A: Our commitment to infrastructural development in Enugu State in the last few years has been driven by the need to deliver the dividends of democracy.

A deliberate process of changing our landscape, of giving the people something concrete in exchange for their votes, so that when they want to rise up to defend democracy, they are going to do it because of what they have got from democracy. It is not really in response to any organised competition or awards, but continued concerted efforts to leave legacies on the ground, so that future governments can pay attention to other areas.

Q: Looking at some of your projects, especially the International Conference Centre, there are doubts that you can complete all of them before you leave office...

A: Thank you. The International Conference Centre is a triple-auditoria complex. The idea takes root from our history. Enugu State could be described as the gateway to the East –leading to almost 11 states if you are coming from the North.
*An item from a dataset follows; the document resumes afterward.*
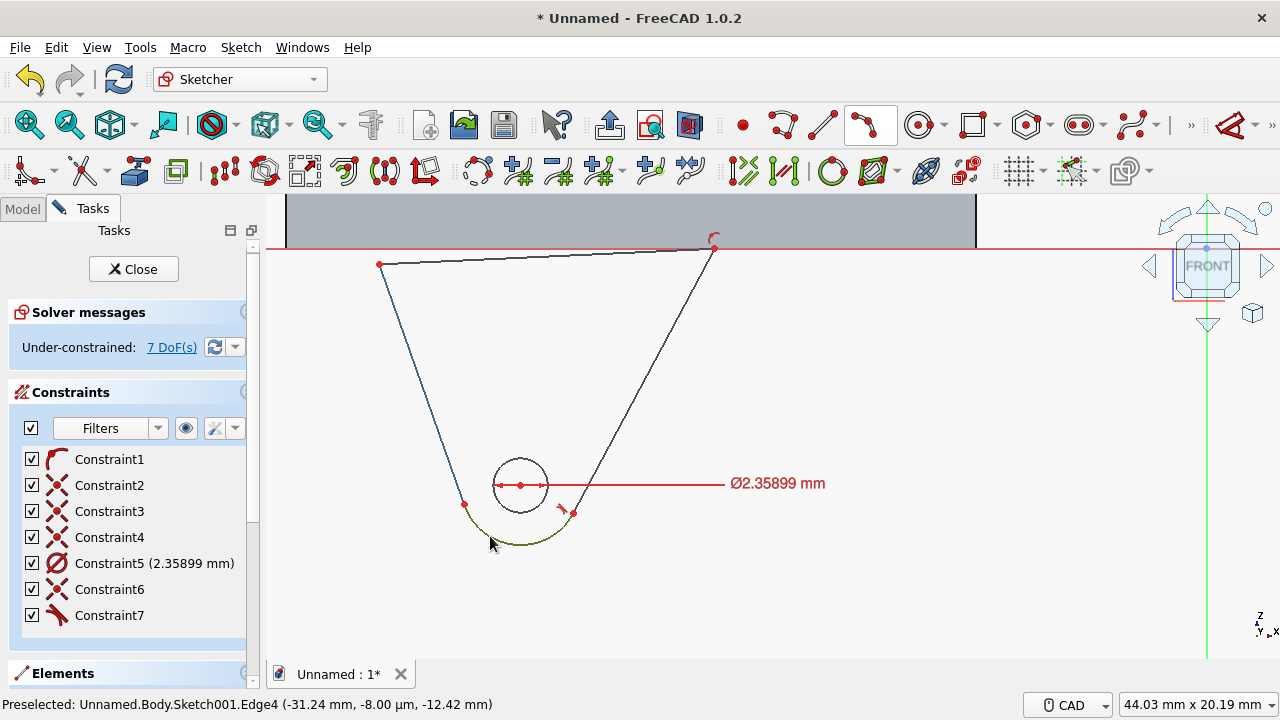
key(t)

It is directly positioned to reposition our state and to play major roles in the southern part of this country in the areas of tourism, commerce and business. If you look at the conference centre, the concrete work is almost finished and the roofing is ongoing. It is going to have a glass-cutting wall. We will certainly finish it this year. It is billed to be opened in December. We have preference for storey buildings in our housing projects. It is because in many cases, land is a limiting factor. For example, the Teaching Hospital, the Loma Linda Estate, and of course, the university that is sitting on 600 hectares. Some of the terrain might be hostile in terms of soil texture. We get influenced by architectural concept and land availability.
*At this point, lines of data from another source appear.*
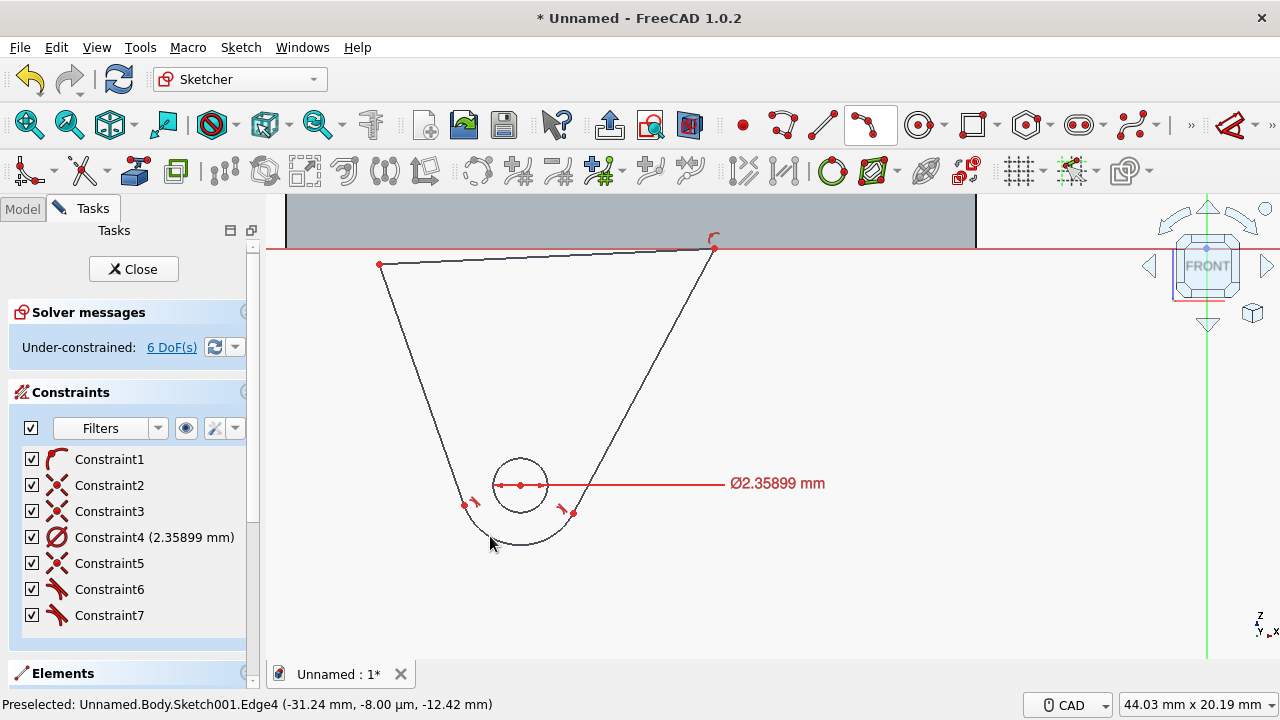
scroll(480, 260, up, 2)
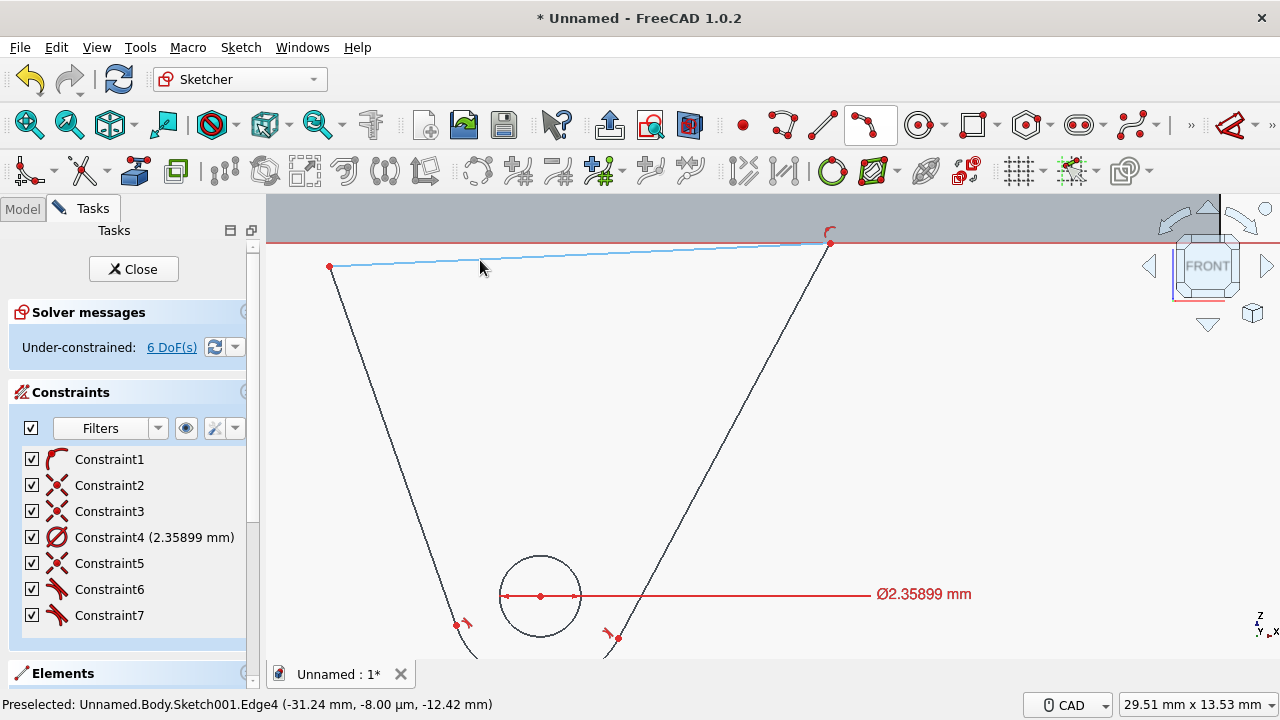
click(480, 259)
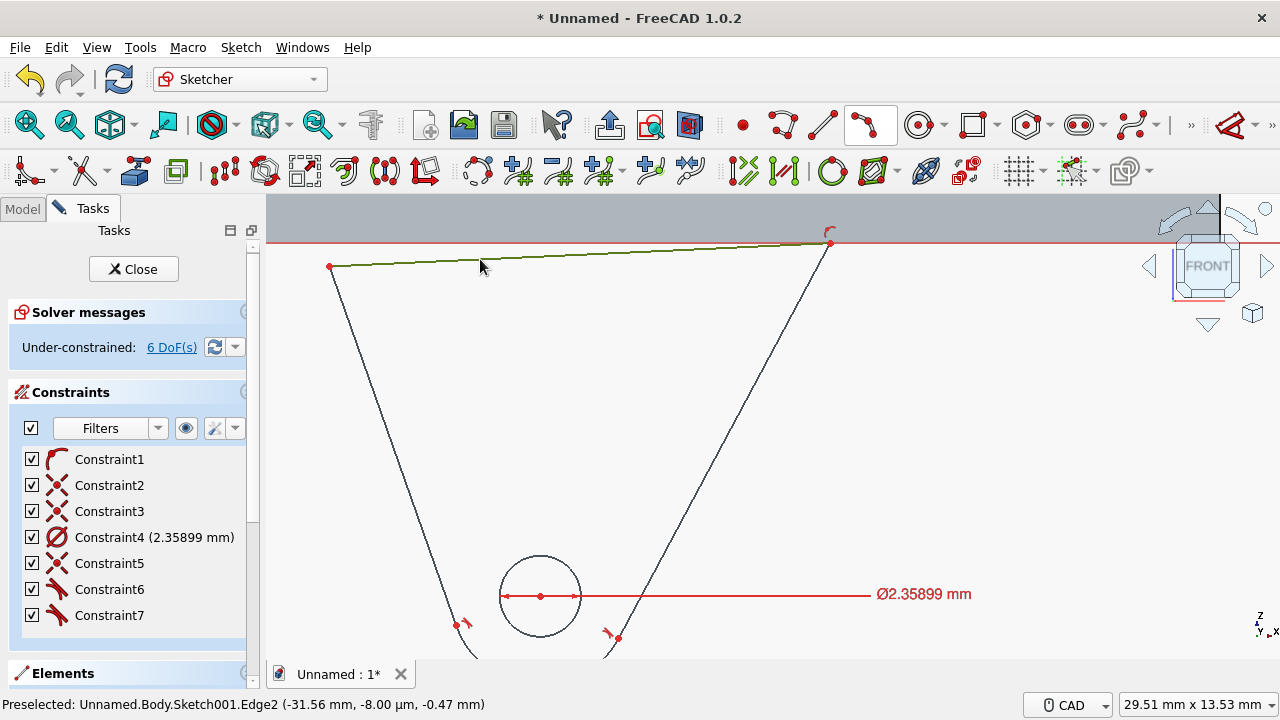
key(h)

Q: Your critics say some of those housing projects are elitist, having nothing to do with the masses. What is your response to this?

A: What about the roads, over 300 kilometres of roads, asphalt roads across the state? How about the over 300 rural electrification projects, water projects and cottage hospitals? When you put these things on the ground, you are reducing rural/urban migration. You are encouraging commerce, and building the economy of the rural areas. There could be a tendency to see the projects as elitist, but how would you describe the permanent site of the state university as elitist? Or the teaching hospital? I believe that in the final analysis, people would derive benefits from those projects. Even the conference centre with thousands of construction workers, I believe, it is also contributing to the economy of the state.

Q: Was the urgency to get work at the Enugu state University Teaching Hospital done and the institution accredited influenced by your background as a medical doctor?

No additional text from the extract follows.